Directions for this task → Could you restate word for word only the lines below from the one holding "static void setUpTerminationNotificationHandler(pid_t" to the one holding "Add 4 big gray", inclusive, and leave out the pictures?

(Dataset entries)
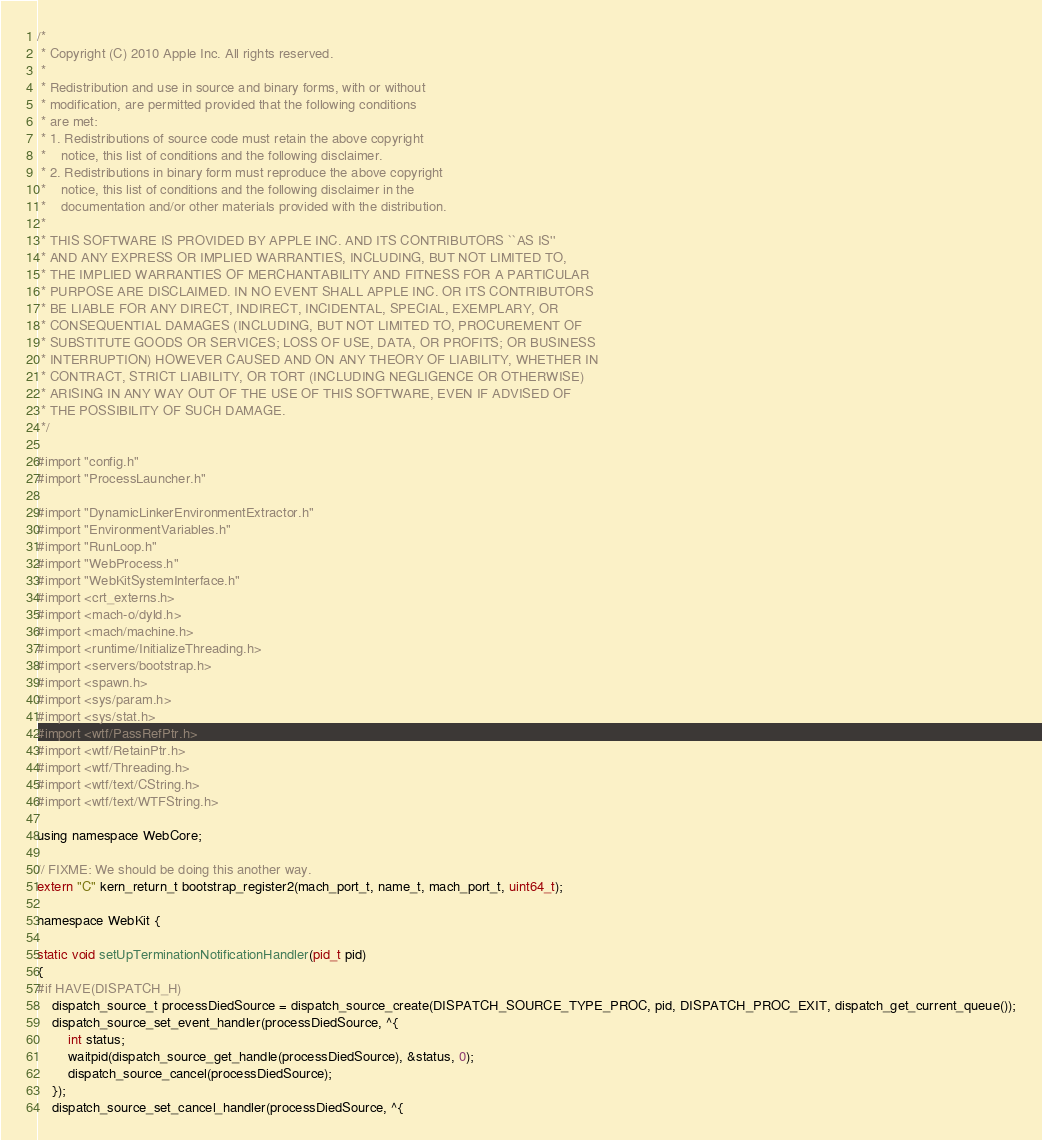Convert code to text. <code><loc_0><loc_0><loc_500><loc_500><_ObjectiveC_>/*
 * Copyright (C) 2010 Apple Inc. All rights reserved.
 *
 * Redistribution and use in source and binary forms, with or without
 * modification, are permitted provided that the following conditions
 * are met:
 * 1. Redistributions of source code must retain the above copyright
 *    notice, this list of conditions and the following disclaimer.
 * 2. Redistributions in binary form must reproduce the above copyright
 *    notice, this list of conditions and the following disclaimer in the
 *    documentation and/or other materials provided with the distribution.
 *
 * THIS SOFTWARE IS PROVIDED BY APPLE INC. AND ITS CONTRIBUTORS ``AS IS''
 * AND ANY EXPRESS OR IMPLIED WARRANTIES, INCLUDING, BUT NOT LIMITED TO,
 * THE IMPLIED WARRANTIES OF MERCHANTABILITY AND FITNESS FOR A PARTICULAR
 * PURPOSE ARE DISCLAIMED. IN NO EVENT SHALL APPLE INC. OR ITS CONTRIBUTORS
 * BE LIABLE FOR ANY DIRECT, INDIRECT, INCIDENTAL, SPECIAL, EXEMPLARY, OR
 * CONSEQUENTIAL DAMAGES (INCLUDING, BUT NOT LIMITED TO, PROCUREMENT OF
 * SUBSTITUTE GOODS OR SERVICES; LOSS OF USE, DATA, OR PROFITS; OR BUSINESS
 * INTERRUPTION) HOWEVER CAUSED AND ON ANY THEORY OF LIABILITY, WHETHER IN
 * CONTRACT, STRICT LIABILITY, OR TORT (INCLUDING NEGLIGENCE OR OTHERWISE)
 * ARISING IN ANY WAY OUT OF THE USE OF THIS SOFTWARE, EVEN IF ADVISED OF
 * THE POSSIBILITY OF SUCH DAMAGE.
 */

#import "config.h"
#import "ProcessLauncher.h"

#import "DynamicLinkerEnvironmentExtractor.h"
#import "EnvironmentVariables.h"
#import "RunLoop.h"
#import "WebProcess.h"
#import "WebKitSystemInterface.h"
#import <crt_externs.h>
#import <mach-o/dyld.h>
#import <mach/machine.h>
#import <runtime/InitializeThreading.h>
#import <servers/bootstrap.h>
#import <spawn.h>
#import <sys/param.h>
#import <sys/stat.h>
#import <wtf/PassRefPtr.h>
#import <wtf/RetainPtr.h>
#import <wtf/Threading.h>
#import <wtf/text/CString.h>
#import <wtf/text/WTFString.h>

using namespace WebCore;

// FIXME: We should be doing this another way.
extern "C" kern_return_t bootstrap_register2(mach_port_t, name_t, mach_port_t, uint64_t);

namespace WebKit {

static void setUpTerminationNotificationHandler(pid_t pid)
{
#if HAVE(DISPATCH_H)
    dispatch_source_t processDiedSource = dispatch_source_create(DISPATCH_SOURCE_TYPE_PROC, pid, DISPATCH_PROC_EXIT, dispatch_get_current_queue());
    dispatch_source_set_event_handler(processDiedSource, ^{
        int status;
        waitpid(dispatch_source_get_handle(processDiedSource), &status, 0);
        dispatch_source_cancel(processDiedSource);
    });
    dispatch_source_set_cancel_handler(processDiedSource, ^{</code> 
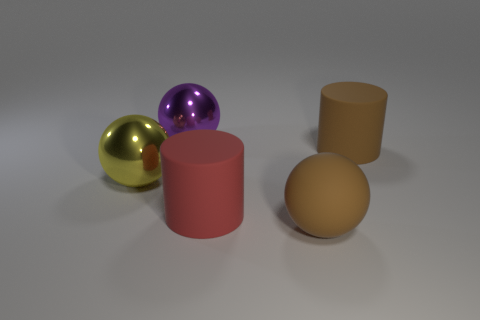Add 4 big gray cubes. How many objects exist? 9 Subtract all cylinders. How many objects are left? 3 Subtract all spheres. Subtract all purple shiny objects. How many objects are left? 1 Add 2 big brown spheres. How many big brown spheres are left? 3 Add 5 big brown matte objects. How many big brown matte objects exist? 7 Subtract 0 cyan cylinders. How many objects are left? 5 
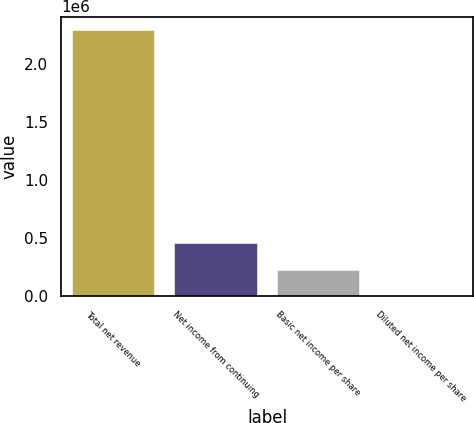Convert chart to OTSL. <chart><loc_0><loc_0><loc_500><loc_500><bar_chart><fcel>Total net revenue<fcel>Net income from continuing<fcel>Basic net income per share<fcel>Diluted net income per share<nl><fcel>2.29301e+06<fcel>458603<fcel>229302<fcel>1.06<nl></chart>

Answer →
static void setUpTerminationNotificationHandler(pid_t pid)
{
#if HAVE(DISPATCH_H)
    dispatch_source_t processDiedSource = dispatch_source_create(DISPATCH_SOURCE_TYPE_PROC, pid, DISPATCH_PROC_EXIT, dispatch_get_current_queue());
    dispatch_source_set_event_handler(processDiedSource, ^{
        int status;
        waitpid(dispatch_source_get_handle(processDiedSource), &status, 0);
        dispatch_source_cancel(processDiedSource);
    });
    dispatch_source_set_cancel_handler(processDiedSource, ^{</code> 
Add 4 big gray cubes. How many objects exist? 9 Subtract all cylinders. How many objects are left? 3 Subtract all spheres. Subtract all purple shiny objects. How many objects are left? 1 Add 2 big brown spheres. How many big brown spheres are left? 3 Add 5 big brown matte objects. How many big brown matte objects exist? 7 Subtract 0 cyan cylinders. How many objects are left? 5 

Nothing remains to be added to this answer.